The training is done using random gradient boosting with trees, as implemented in gbm
```{r,echo=TRUE,cache=TRUE}
modelo <- train(classe ~ ., 
                data = tr3 , 
                method = "gbm", 
                trControl = fitControl,
               # tuneGrid=xgbtree.grid, 
                verbose = FALSE,
                na.action=na.pass)
plot(modelo)
```

 As we see the model has very high accuracy. The following shows accuracy and kappa the ten folds
 
 ```{r, echo=TRUE, cache=TRUE}
 
 modelo$resample
 
 ```

## Testing

Finally, even though then model has very good accuracy in the training, we think it is not due to overfitting. 

We proceed to validate this against our hold out sample, which is 30% of the observations of the file "mpl-training.csv"

As we see in the confusion matrix, the accuracy is as good as we expected.
```{r,echo=TRUE,cache=TRUE}
pred <- predict(modelo, testing)
cmtx<-confusionMatrix(pred,testing$classe)
print(cmtx)
```
This is a table of predicted vs observed, 96% of the observation falls in the diagonal.
```{r, echo=TRUE, cache=TRUE}
table(pred,testing$classe)
```

Finally we predict the 20 testing cases in file "pml-testing.csv", we are saving them outside the github repo.

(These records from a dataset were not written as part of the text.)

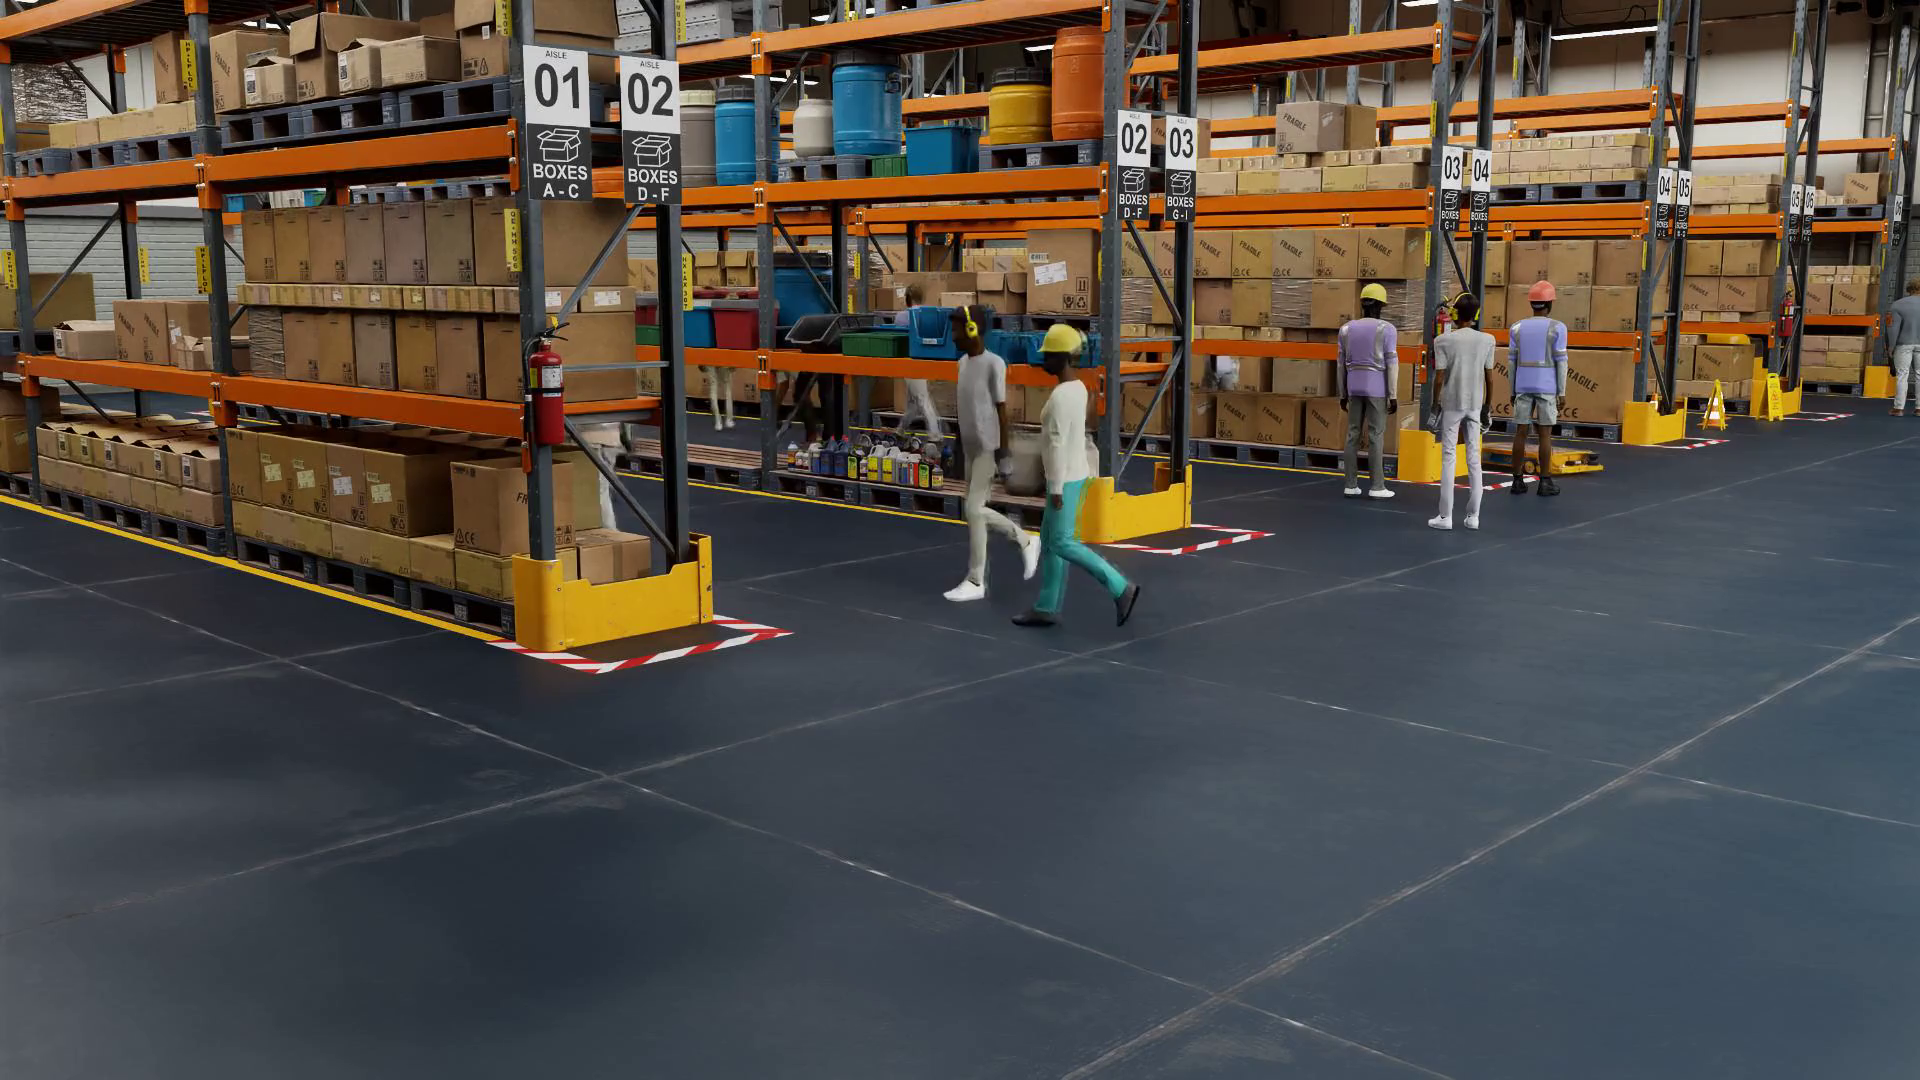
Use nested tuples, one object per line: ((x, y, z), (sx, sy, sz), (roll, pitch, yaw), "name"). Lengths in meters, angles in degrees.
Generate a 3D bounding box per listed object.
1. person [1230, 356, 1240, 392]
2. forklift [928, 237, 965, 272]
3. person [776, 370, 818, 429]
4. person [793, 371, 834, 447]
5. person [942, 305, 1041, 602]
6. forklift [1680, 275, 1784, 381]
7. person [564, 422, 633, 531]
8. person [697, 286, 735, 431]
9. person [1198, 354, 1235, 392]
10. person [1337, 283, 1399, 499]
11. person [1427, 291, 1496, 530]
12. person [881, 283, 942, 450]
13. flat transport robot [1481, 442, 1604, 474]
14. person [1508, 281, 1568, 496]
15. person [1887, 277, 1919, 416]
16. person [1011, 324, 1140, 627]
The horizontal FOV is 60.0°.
((3.294, -2.284, 20.695), (0.373, 1.939, 0.545), (7, 12, 38), "person")
((-0.326, -5.817, 39.609), (1.129, 2.768, 1.873), (9, 13, 43), "forklift")
((-2.197, -2.356, 21.394), (0.685, 1.860, 0.628), (-9, 13, -43), "person")
((-1.637, -2.020, 18.930), (0.505, 1.979, 0.611), (7, 12, 37), "person")
((0.201, -0.566, 10.511), (0.749, 1.837, 0.578), (-5, 11, -29), "person")
((12.480, -3.427, 27.053), (1.214, 2.155, 2.313), (9, 13, 43), "forklift")
((-2.680, -0.704, 12.054), (0.548, 1.593, 0.856), (-9, 13, -44), "person")
((-3.136, -2.328, 21.311), (0.552, 1.826, 0.649), (0, 9, 0), "person")
((3.172, -2.076, 20.274), (0.853, 1.659, 0.538), (7, 12, 37), "person")
((3.670, -1.336, 14.937), (0.585, 1.922, 0.378), (8, 13, 42), "person")
((3.955, -1.021, 13.151), (0.520, 1.876, 0.326), (-1, 9, -5), "person")
((-0.569, -1.985, 19.030), (1.033, 1.877, 0.648), (7, 12, 37), "person")
((5.835, -0.858, 17.186), (0.652, 0.197, 1.431), (-6, 11, -32), "flat transport robot")
((5.273, -1.385, 15.180), (0.545, 1.942, 0.354), (8, 12, 40), "person")
((13.303, -2.702, 23.258), (0.629, 1.940, 0.376), (2, 9, 11), "person")
((0.659, -0.348, 9.427), (0.713, 1.746, 0.528), (3, 10, 16), "person")
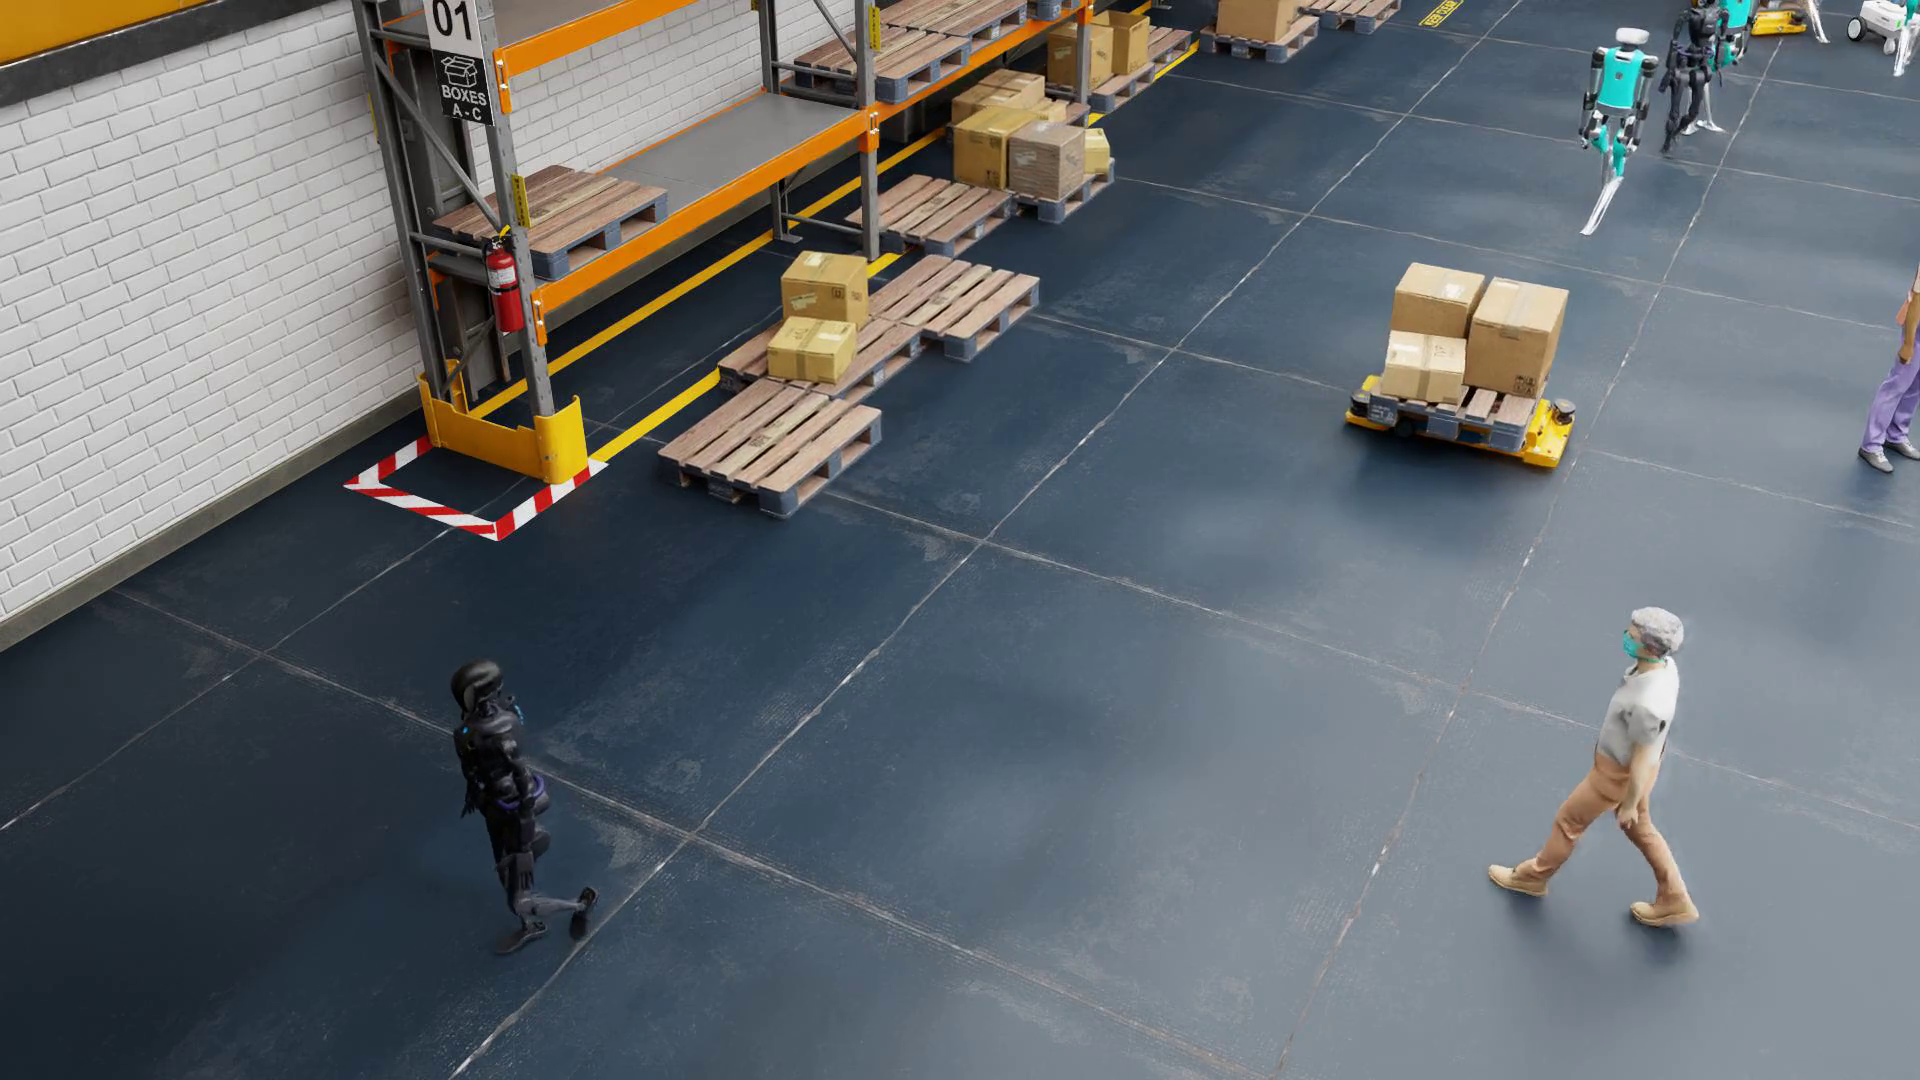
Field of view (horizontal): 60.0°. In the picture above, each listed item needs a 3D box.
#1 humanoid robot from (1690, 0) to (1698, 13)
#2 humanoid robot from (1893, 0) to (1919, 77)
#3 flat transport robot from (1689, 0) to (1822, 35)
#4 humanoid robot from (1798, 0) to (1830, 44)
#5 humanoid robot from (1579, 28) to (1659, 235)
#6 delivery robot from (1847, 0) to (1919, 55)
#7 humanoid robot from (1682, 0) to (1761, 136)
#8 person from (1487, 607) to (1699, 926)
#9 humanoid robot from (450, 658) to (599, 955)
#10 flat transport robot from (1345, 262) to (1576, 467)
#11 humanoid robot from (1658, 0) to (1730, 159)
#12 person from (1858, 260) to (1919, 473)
[{"bbox_3d":[8.885,-6.863,19.275,0.588,1.638,0.495,28,43,36],"label":"humanoid robot"},{"bbox_3d":[10.317,-5.818,17.677,0.544,1.831,0.863,23,40,31],"label":"humanoid robot"},{"bbox_3d":[9.284,-6.269,19.633,0.659,0.231,1.431,-5,34,-8],"label":"flat transport robot"},{"bbox_3d":[9.727,-6.549,18.787,0.560,1.829,0.829,-12,35,-17],"label":"humanoid robot"},{"bbox_3d":[5.649,-3.566,14.229,0.535,1.773,0.951,21,39,28],"label":"humanoid robot"},{"bbox_3d":[10.429,-5.806,18.691,0.499,0.614,0.808,-5,34,-8],"label":"delivery robot"},{"bbox_3d":[7.246,-4.770,16.030,0.620,1.774,0.785,-5,34,-8],"label":"humanoid robot"},{"bbox_3d":[2.969,1.000,7.337,0.897,1.714,0.481,17,37,24],"label":"person"},{"bbox_3d":[-1.900,1.136,7.144,0.462,1.646,0.599,-24,40,-32],"label":"humanoid robot"},{"bbox_3d":[3.447,-0.872,11.467,1.431,0.231,0.659,15,36,21],"label":"flat transport robot"},{"bbox_3d":[6.872,-4.466,15.647,0.600,1.643,0.450,-7,34,-10],"label":"humanoid robot"},{"bbox_3d":[6.262,-1.335,10.744,0.563,1.839,0.395,-15,36,-21],"label":"person"}]
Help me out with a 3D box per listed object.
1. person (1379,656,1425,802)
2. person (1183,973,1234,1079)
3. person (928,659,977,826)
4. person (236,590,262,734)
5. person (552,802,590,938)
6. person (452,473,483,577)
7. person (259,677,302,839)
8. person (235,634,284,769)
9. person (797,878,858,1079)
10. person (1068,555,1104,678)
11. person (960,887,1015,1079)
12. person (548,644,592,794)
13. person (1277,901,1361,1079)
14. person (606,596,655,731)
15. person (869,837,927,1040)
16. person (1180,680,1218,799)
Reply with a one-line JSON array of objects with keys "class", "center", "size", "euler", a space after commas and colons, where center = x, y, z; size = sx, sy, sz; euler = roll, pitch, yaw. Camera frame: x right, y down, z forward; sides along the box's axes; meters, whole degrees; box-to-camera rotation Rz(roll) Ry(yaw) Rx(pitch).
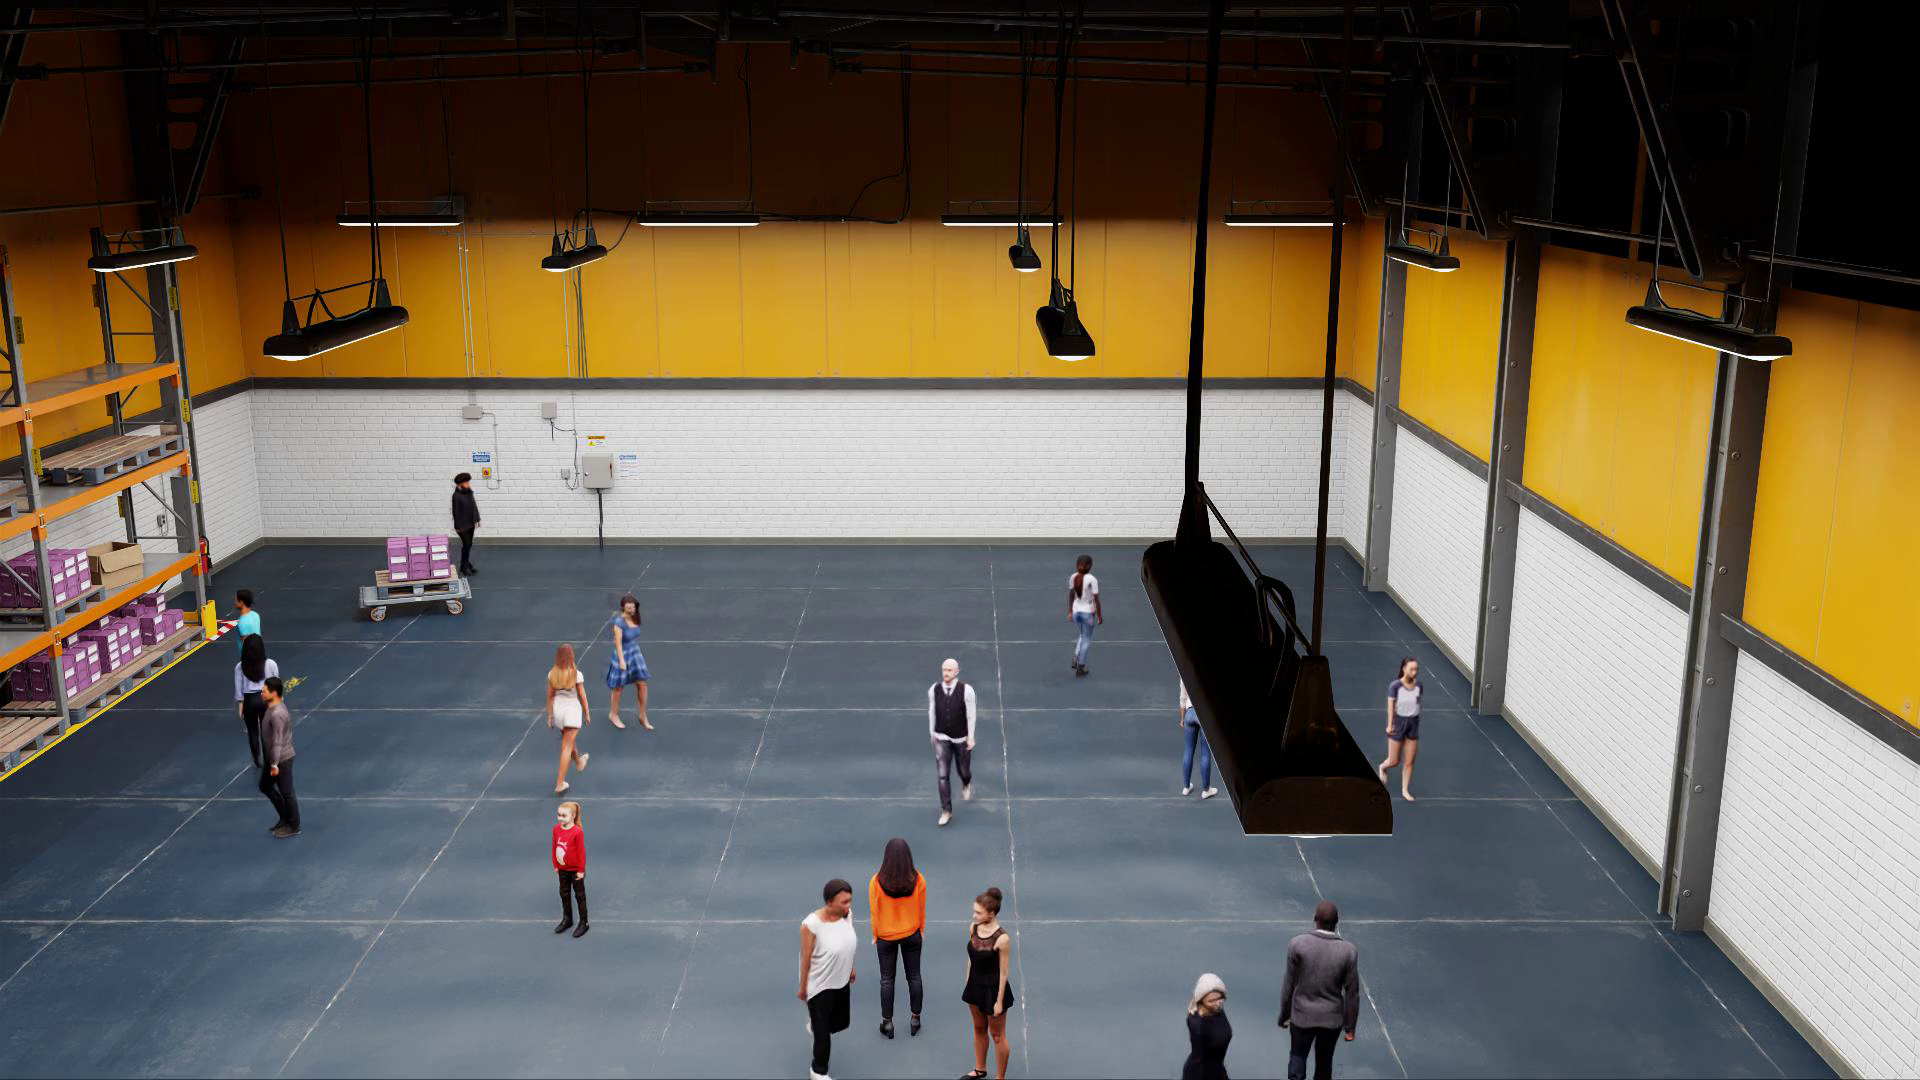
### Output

```{r,echo=TRUE,cache=TRUE}
to.predict<-read.csv("pml-testing.csv")
pred.test <- predict(modelo, to.predict)
write.csv(pred.test,"../predicciones.csv")
```
# Final Quizz
The model was able to correctly classify the 20 cases and got an score of 20/20 in the final Quizz.

# References

Ugulino, W., Cardador, D., Vega, K., Velloso, E., Milidiu, R., & Fuks, H. (2012). Wearable computing: Accelerometers' data classification of body postures and movements. In Advances in Artificial Intelligence-SBIA 2012 (pp. 52-61). Springer, Berlin, Heidelberg.

Ridgeway, G., & Ridgeway, M. G. (2004). The gbm package. R Foundation for Statistical Computing, Vienna, Austria, 5(3).

Kuhn, M. (2008). Caret package. Journal of statistical software, 28(5), 1-26.